Migration of Birds (1979) - Frederick Charles Lincoln; Steven R. Peterson

The Arctic tern is the champion "globe trotter" and long-distance flier ([Fig. 11.]). Its name "Arctic" is well earned, as its breeding range is circumpolar and it nests as far north as the land extends in North America. The first nest found in this region was only 7½° (518 miles) from the North Pole and contained a downy chick surrounded by a wall of newly fallen snow scooped out by the parent. In North America the Arctic tern breeds south in the interior to Great Slave Lake, and on the Atlantic coast to Massachusetts. After the young are grown, the Arctic terns disappear from their North American breeding grounds and turn up a few months later in the Antarctic region, 11,000 miles away. For a long time the route followed by these hardy fliers was a complete mystery; although a few scattered individuals have been noted south as far as Long Island in the United States, the species is otherwise practically unknown along the Atlantic coasts of North America and northern South America. It is, however, known as a migrant on the west coast of Europe and Africa. By means of numbered bands, a picture disclosed what is apparently not only the longest, but also one of the most remarkable migratory journeys (Austin 1928).

Figure 11. Distribution and migration of arctic terns. The route indicated for this bird is unique, because no other species is known to breed abundantly in North America and to cross the Atlantic Ocean to and from the Old World. The extreme summer and winter homes are 11,000 miles apart.

Few other animals in the world enjoy as many hours of daylight as the Arctic tern. For these birds, the sun never sets during the nesting season in the northern part of the range, and during their winter sojourn to the south, daylight is continuous as well. In other months of the year considerably more daylight than darkness is encountered.

ORIENTATION AND NAVIGATION

There probably is no single aspect of the entire subject of bird migration that increases our admiration so much as the unerring certainty with which birds cover thousands of miles of land and water to come to rest in exactly the same spot where they spent the previous summer or winter. Records from birds marked with numbered bands offer abundant proof that the same individuals of many species will return again and again to identical nesting or winter feeding sites.

This ability to travel with precision over seemingly featureless stretches of land or water is not limited to birds but is likewise possessed by certain mammals, reptiles, fishes, and insects; the well-known migrations of salmon and eels are notable examples.

For an animal to return to a specific spot after a lengthy migration, it must use true navigation to get there. That is, it needs to not only travel in a given compass heading and know where it is at any given time so the course may be altered when necessary but also be able to recognize its goal when it has arrived. It is dangerous to generalize on the means of orientation and navigation in migration; different groups of birds with different modes of existence have evolved different means of finding their way from one place to another (Pettingill 1970). We are only beginning to realize the complexities involved in the many modes of bird orientation and navigation.
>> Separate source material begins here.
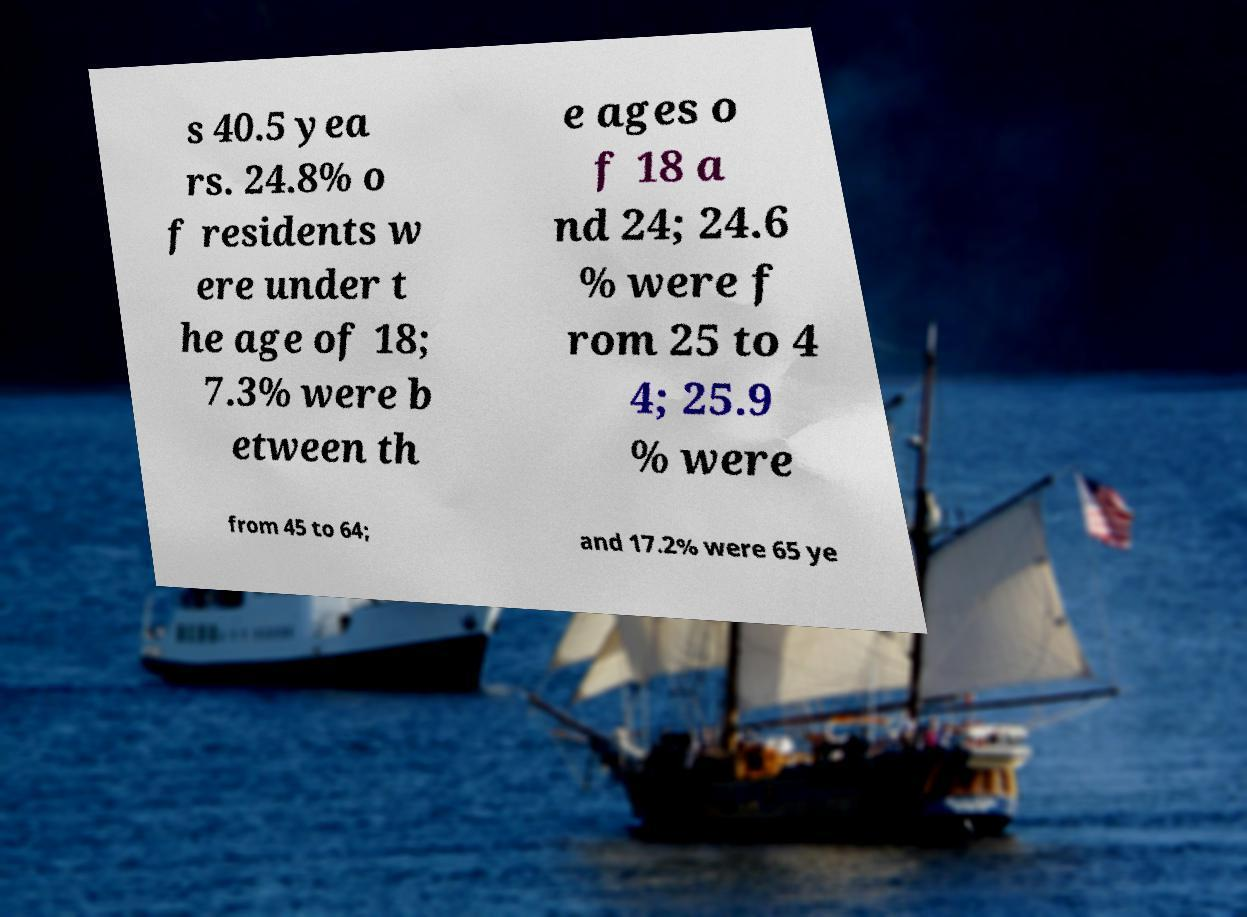I need the written content from this picture converted into text. Can you do that? s 40.5 yea rs. 24.8% o f residents w ere under t he age of 18; 7.3% were b etween th e ages o f 18 a nd 24; 24.6 % were f rom 25 to 4 4; 25.9 % were from 45 to 64; and 17.2% were 65 ye

All we can do in this section is present a brief summary of some of the more important principles involved and the studies that have enhanced our knowledge in the area.

Ability to follow a more or less definite course to a definite goal is evidently part of an inherited faculty. Both the direction and the goal must have been implanted in the bird's genetic code when the particular population became established at its present location. The theory is sometimes advanced that older and more experienced birds lead the way and thereby show the route to their younger companions. This explanation may be acceptable for some species such as geese, swans, and cranes because they stay in family groups, but not for species in which adults and young are known to migrate at different times, especially when young migrate ahead of the adults. As indicated in a previous section on segregation, many North American shorebirds as well as the cuckoos of New Zealand do this. An inherited response to its surroundings, with a definite sense of the goal to be reached and the direction to be followed, must be attributed to these latter birds.

It is well known that birds possess wonderful vision. If they also have retentive memories subsequent trips over the route may well be steered in part by recognizable landmarks. Arguments against the theory of landmark memory are chiefly that unescorted young birds, without previous experience, can find their way to the winter quarters of their species, even if the wintering area has a radically different landscape and vegetation than the breeding grounds. Experimental findings and field observations indicate landmarks are used in navigation by certain birds, but the degree of use varies considerably among the species (Bellrose 1972a).